_Your goal_
Beneath this instruction is a listing; print exactly the lines in it starting at the line that contains "table_cell Can't propose" and going through the line that contains "table_cell Rationale [119, 1233, 248, 1297]".

(Record excerpts)

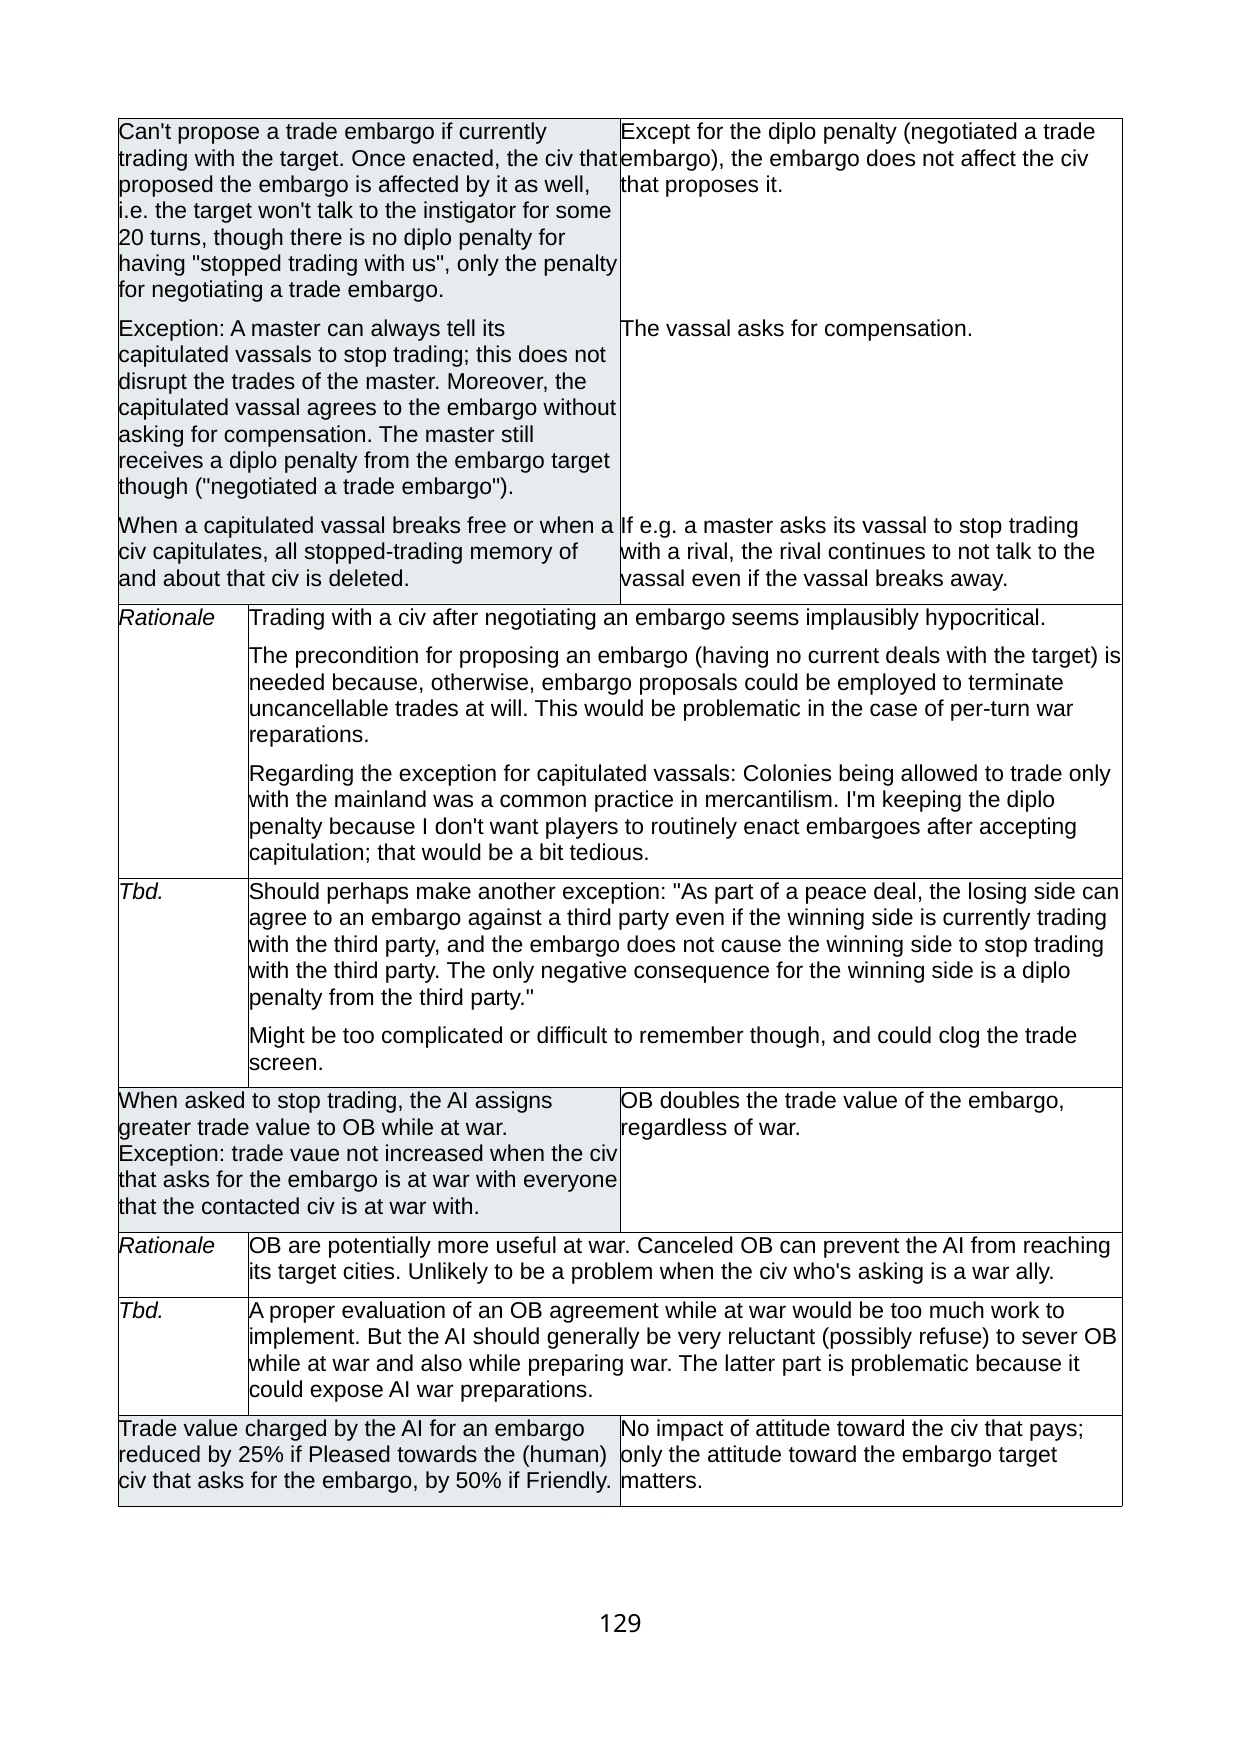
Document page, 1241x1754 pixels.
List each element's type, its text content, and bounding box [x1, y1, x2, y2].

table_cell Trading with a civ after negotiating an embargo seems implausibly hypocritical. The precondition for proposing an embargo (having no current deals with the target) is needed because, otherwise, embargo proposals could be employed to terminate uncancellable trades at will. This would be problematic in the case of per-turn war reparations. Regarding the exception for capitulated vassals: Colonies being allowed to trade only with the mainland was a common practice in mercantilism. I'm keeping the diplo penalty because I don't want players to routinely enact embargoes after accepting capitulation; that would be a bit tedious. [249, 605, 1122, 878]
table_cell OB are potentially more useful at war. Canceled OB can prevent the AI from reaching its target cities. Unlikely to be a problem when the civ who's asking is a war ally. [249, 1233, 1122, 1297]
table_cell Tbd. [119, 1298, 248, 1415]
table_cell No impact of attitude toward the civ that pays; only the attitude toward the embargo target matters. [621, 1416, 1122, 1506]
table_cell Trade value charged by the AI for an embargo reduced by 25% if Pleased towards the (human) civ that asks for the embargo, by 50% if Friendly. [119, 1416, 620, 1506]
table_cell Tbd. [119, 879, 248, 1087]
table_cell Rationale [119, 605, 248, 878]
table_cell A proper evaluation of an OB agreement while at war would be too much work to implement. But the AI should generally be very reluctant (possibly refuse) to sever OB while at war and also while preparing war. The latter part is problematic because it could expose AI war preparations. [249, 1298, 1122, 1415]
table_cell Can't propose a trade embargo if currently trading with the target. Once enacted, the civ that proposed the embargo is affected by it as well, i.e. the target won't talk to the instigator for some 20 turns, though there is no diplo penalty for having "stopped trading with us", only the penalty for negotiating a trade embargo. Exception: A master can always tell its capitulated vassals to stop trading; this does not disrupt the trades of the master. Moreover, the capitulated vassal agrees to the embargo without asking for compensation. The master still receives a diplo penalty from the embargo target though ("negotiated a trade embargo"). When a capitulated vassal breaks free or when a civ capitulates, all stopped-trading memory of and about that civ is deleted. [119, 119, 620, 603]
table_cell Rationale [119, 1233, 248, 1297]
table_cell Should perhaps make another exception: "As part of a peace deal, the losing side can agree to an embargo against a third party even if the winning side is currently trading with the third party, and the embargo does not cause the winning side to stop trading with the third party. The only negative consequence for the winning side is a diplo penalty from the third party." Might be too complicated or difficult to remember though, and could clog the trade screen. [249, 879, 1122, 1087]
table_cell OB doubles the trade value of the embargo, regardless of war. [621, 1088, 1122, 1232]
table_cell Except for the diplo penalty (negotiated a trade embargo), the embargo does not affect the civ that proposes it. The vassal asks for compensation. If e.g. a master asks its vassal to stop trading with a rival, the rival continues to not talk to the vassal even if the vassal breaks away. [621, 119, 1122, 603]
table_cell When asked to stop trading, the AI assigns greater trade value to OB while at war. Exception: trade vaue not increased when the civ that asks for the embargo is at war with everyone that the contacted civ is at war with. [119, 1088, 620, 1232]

(End Record excerpts)

_Written answer_
table_cell Can't propose a trade embargo if currently trading with the target. Once enacted, the civ that proposed the embargo is affected by it as well, i.e. the target won't talk to the instigator for some 20 turns, though there is no diplo penalty for having "stopped trading with us", only the penalty for negotiating a trade embargo. Exception: A master can always tell its capitulated vassals to stop trading; this does not disrupt the trades of the master. Moreover, the capitulated vassal agrees to the embargo without asking for compensation. The master still receives a diplo penalty from the embargo target though ("negotiated a trade embargo"). When a capitulated vassal breaks free or when a civ capitulates, all stopped-trading memory of and about that civ is deleted. [119, 119, 620, 603]
table_cell Rationale [119, 1233, 248, 1297]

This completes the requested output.